++++ DATA UNDER STUDY

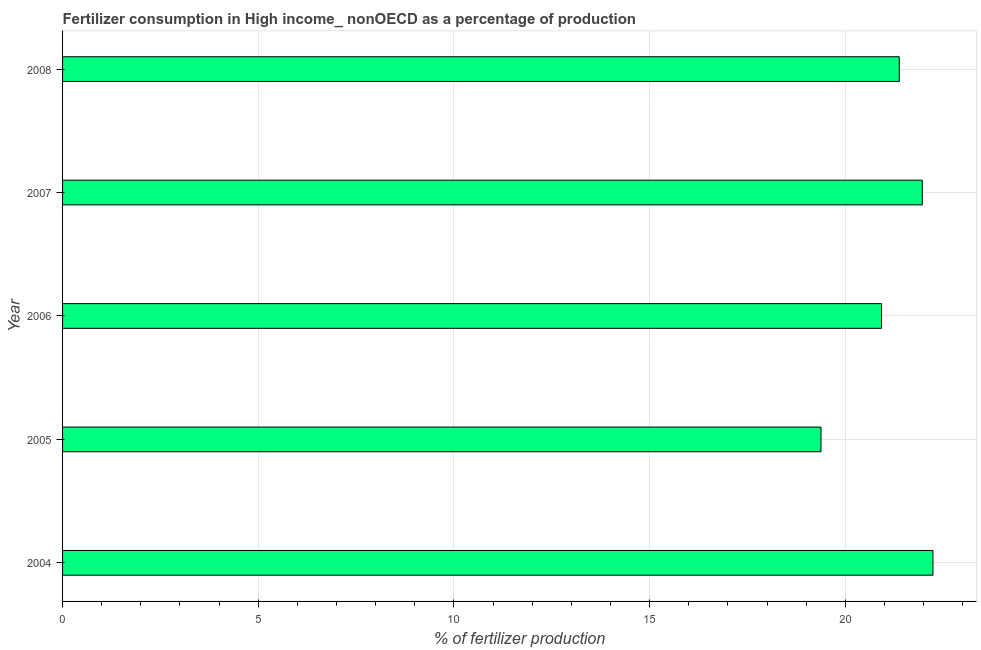What is the title of the graph?
Provide a succinct answer. Fertilizer consumption in High income_ nonOECD as a percentage of production. What is the label or title of the X-axis?
Provide a succinct answer. % of fertilizer production. What is the label or title of the Y-axis?
Make the answer very short. Year. What is the amount of fertilizer consumption in 2007?
Your response must be concise. 21.97. Across all years, what is the maximum amount of fertilizer consumption?
Offer a terse response. 22.24. Across all years, what is the minimum amount of fertilizer consumption?
Offer a terse response. 19.38. In which year was the amount of fertilizer consumption minimum?
Provide a succinct answer. 2005. What is the sum of the amount of fertilizer consumption?
Offer a terse response. 105.89. What is the difference between the amount of fertilizer consumption in 2004 and 2007?
Offer a very short reply. 0.27. What is the average amount of fertilizer consumption per year?
Provide a short and direct response. 21.18. What is the median amount of fertilizer consumption?
Offer a very short reply. 21.38. In how many years, is the amount of fertilizer consumption greater than 2 %?
Keep it short and to the point. 5. Do a majority of the years between 2008 and 2005 (inclusive) have amount of fertilizer consumption greater than 2 %?
Provide a short and direct response. Yes. What is the ratio of the amount of fertilizer consumption in 2007 to that in 2008?
Give a very brief answer. 1.03. Is the amount of fertilizer consumption in 2005 less than that in 2007?
Keep it short and to the point. Yes. Is the difference between the amount of fertilizer consumption in 2005 and 2007 greater than the difference between any two years?
Ensure brevity in your answer.  No. What is the difference between the highest and the second highest amount of fertilizer consumption?
Provide a short and direct response. 0.27. Is the sum of the amount of fertilizer consumption in 2004 and 2007 greater than the maximum amount of fertilizer consumption across all years?
Offer a terse response. Yes. What is the difference between the highest and the lowest amount of fertilizer consumption?
Offer a terse response. 2.86. How many bars are there?
Give a very brief answer. 5. Are all the bars in the graph horizontal?
Keep it short and to the point. Yes. What is the % of fertilizer production in 2004?
Give a very brief answer. 22.24. What is the % of fertilizer production of 2005?
Provide a short and direct response. 19.38. What is the % of fertilizer production of 2006?
Provide a succinct answer. 20.93. What is the % of fertilizer production in 2007?
Offer a terse response. 21.97. What is the % of fertilizer production in 2008?
Make the answer very short. 21.38. What is the difference between the % of fertilizer production in 2004 and 2005?
Provide a short and direct response. 2.86. What is the difference between the % of fertilizer production in 2004 and 2006?
Keep it short and to the point. 1.31. What is the difference between the % of fertilizer production in 2004 and 2007?
Provide a short and direct response. 0.27. What is the difference between the % of fertilizer production in 2004 and 2008?
Ensure brevity in your answer.  0.86. What is the difference between the % of fertilizer production in 2005 and 2006?
Your response must be concise. -1.55. What is the difference between the % of fertilizer production in 2005 and 2007?
Your response must be concise. -2.59. What is the difference between the % of fertilizer production in 2005 and 2008?
Make the answer very short. -2. What is the difference between the % of fertilizer production in 2006 and 2007?
Ensure brevity in your answer.  -1.04. What is the difference between the % of fertilizer production in 2006 and 2008?
Give a very brief answer. -0.45. What is the difference between the % of fertilizer production in 2007 and 2008?
Offer a very short reply. 0.59. What is the ratio of the % of fertilizer production in 2004 to that in 2005?
Keep it short and to the point. 1.15. What is the ratio of the % of fertilizer production in 2004 to that in 2006?
Offer a terse response. 1.06. What is the ratio of the % of fertilizer production in 2004 to that in 2007?
Give a very brief answer. 1.01. What is the ratio of the % of fertilizer production in 2005 to that in 2006?
Provide a succinct answer. 0.93. What is the ratio of the % of fertilizer production in 2005 to that in 2007?
Your answer should be compact. 0.88. What is the ratio of the % of fertilizer production in 2005 to that in 2008?
Offer a very short reply. 0.91. What is the ratio of the % of fertilizer production in 2006 to that in 2007?
Your answer should be very brief. 0.95. What is the ratio of the % of fertilizer production in 2007 to that in 2008?
Offer a terse response. 1.03.

++++++++

Starting at the line above that holds "Give a very brief answer. 1.03." and ending at the line that holds "highest amount of fertilizer consumption?", transcribe each line exactly and include no other lines.

Give a very brief answer. 1.03. Is the amount of fertilizer consumption in 2005 less than that in 2007?
Keep it short and to the point. Yes. Is the difference between the amount of fertilizer consumption in 2005 and 2007 greater than the difference between any two years?
Ensure brevity in your answer.  No. What is the difference between the highest and the second highest amount of fertilizer consumption?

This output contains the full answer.